Maybe Wales could loan more out in maintenance for those who study in Wales – but it already has the most generous package (no means testing and it’s linked to the living wage) – and while it could loan less out to students who study elsewhere, that does rather destroy the principle that its maintenance arrangements are based on need.

And anyway, a lot of the subsidies involved in the Welsh loan scheme are managed by and budgeted in Westminster rather than Cardiff Bay – I’ve talked before here about the weird irony involved in Scotland, where effectively students and universities miss out on Treasury subsidy given the free fees policy.

That leaves you with trying to influence the choices that students make via information, advice and guidance – and in the firing line for Dyfodol i’r Iaith is the Seren Network – which has now been renamed Academi Seren.

It was set up in 2015 following a report by Lord Paul Murphy into Oxbridge not receiving enough Welsh students, and now aims to helping Wales’ “most able learners” achieve their “full academic potential” and support their education pathway into “leading universities in the UK, and overseas”.

Plaid Cymru’s education spokesperson – Cefin Campbell MP – argues that the Seren scheme needs to be “turned on its head” to ensure that the brightest pupils stay:

More needs to be done to stop the haemorrhage of students out of Wales.

Author and language campaigner Heini Gruffudd argues that Seren is encouraging a “vicious cycle” of making English universities stronger while Wales’ institutions weaken:

Seren should give priority to Welsh universities to ensure that the best students are confident enough that they could get the best education in Wales.

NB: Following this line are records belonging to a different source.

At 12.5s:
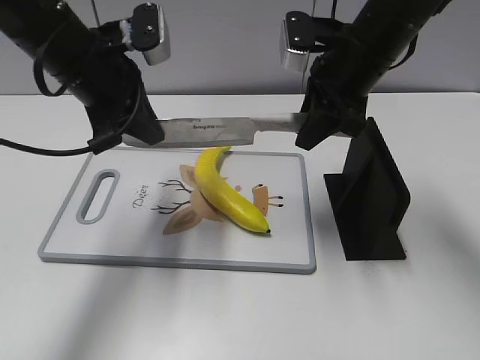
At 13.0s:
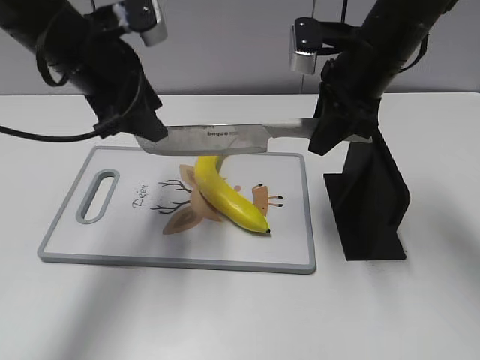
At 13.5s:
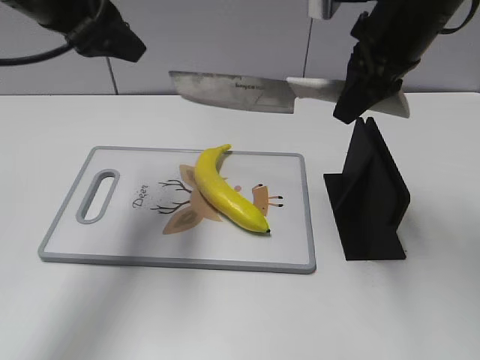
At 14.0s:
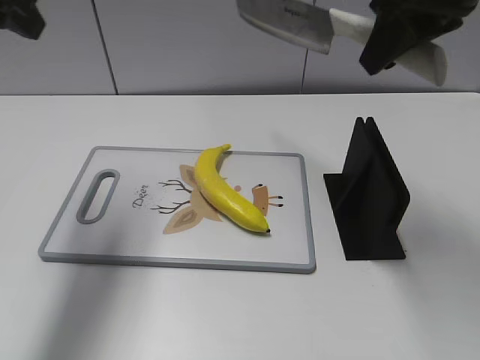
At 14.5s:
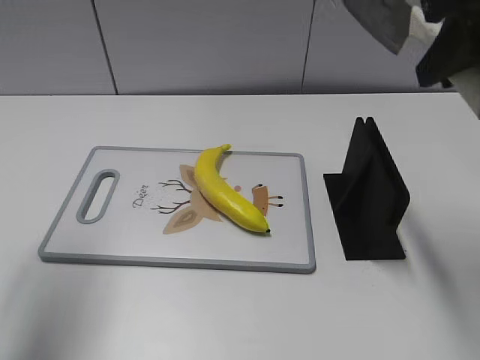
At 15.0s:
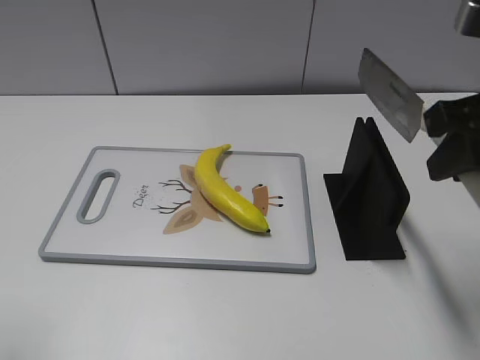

But neither of them seem to be able to explain what a different approach would look like, other than acting as some sort of IAG mafia – talking down opportunities outside of Wales to promote the sunlit uplands of Bangor, Cardiff, Swansea or whatever.

And anyway – the Welsh Government denies that the Seren scheme encourages students to leave the country, arguing that 35.2 per cent of Seren learners who started university in 2023 had studied in Wales. Lord Murphy certainly isn’t happy with the idea:

We cannot deny opportunities for Welsh people to go to the best universities in the world… an introspective attitude is at the heart of the belief that we [as Welsh] cannot benefit from leaving Wales.

Maybe the real answer is about economic opportunities – and the way that they drive a desire amongst students and their families to “escape” wherever they’re from in the search of better ones.

Back in March the Commons’ Welsh Affairs Committee held an evidence session on the impact of population change in Wales, focusing on the economic impact of younger people leaving the nation – ONS data points to a 24 per cent increase in over 75s while the working age population is projected to increase by 5.6 per cent.

The session heard from GlobalWelsh’s Walter May and Ambition North Wales’ Robyn Lovelock and discussed how economic investment could seek to retain young people, particularly given average earnings lag behind the rest of the UK.

There’s no report yet – the work fell under the bus of the General Election. But even if the report gets completed when the Welsh Affairs Committee is re-formed, it’s unlikely it’ll be recommending anything close to that which Dyfodol i’r Iaith seems to want.

Because ultimately, while Dyfodol i’r Iaith might regard the half a billion as a “waste”, I’m pretty doubtful that students and their families see it in quite the same way.

One response to “Can Wales make its students stay or return?

  1. The arguments made by our colleague from TSD ae old ones as are the comments from Plaid Cymru as these were all grappled with as part of Diamond as I recall. I think the real issue in Wales comes from not enough young people wanting to go to university anymore (which has links to cost of living) and the lack of graduate placements/jobs that lead to a return on the student loans, whilst recognising not everyone goes to University for the same reasons.

    Another key factor is going to be the shrinking of Welsh HEIs over the next few academic years, the income base is shrinking and costs are rising, we are going to see huge reductions in both academic and professional support roles in my opinion.